Here is a listing. Set it down again exactly.

*Study material*:
━━━━━━━━━━━━━━━━

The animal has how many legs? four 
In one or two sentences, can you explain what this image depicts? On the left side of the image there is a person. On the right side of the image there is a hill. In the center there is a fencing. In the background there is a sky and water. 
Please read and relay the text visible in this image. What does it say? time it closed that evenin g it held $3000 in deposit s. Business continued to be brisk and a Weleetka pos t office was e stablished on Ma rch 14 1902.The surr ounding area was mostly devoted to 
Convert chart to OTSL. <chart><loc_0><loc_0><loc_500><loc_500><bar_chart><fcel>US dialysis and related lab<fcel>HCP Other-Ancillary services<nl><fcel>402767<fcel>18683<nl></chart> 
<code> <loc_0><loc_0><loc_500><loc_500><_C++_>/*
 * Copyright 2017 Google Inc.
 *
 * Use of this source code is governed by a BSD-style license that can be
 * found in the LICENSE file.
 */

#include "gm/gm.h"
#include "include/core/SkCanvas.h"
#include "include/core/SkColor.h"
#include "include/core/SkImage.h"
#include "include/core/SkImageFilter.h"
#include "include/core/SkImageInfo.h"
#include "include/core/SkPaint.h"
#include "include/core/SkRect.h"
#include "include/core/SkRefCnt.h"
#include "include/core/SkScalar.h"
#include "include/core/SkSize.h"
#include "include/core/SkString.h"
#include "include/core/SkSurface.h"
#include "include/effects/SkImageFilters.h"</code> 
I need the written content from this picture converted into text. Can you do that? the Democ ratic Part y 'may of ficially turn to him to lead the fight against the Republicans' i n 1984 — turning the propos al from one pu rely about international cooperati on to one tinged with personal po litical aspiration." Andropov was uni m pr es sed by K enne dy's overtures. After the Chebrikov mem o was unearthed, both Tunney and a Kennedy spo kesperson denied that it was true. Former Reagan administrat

━━━━━━━━━━━━━━━━

*Task answer*:
The animal has how many legs? four 
In one or two sentences, can you explain what this image depicts? On the left side of the image there is a person. On the right side of the image there is a hill. In the center there is a fencing. In the background there is a sky and water. 
Please read and relay the text visible in this image. What does it say? time it closed that evenin g it held $3000 in deposit s. Business continued to be brisk and a Weleetka pos t office was e stablished on Ma rch 14 1902.The surr ounding area was mostly devoted to 
Convert chart to OTSL. <chart><loc_0><loc_0><loc_500><loc_500><bar_chart><fcel>US dialysis and related lab<fcel>HCP Other-Ancillary services<nl><fcel>402767<fcel>18683<nl></chart> 
<code> <loc_0><loc_0><loc_500><loc_500><_C++_>/*
 * Copyright 2017 Google Inc.
 *
 * Use of this source code is governed by a BSD-style license that can be
 * found in the LICENSE file.
 */

#include "gm/gm.h"
#include "include/core/SkCanvas.h"
#include "include/core/SkColor.h"
#include "include/core/SkImage.h"
#include "include/core/SkImageFilter.h"
#include "include/core/SkImageInfo.h"
#include "include/core/SkPaint.h"
#include "include/core/SkRect.h"
#include "include/core/SkRefCnt.h"
#include "include/core/SkScalar.h"
#include "include/core/SkSize.h"
#include "include/core/SkString.h"
#include "include/core/SkSurface.h"
#include "include/effects/SkImageFilters.h"</code> 
I need the written content from this picture converted into text. Can you do that? the Democ ratic Part y 'may of ficially turn to him to lead the fight against the Republicans' i n 1984 — turning the propos al from one pu rely about international cooperati on to one tinged with personal po litical aspiration." Andropov was uni m pr es sed by K enne dy's overtures. After the Chebrikov mem o was unearthed, both Tunney and a Kennedy spo kesperson denied that it was true. Former Reagan administrat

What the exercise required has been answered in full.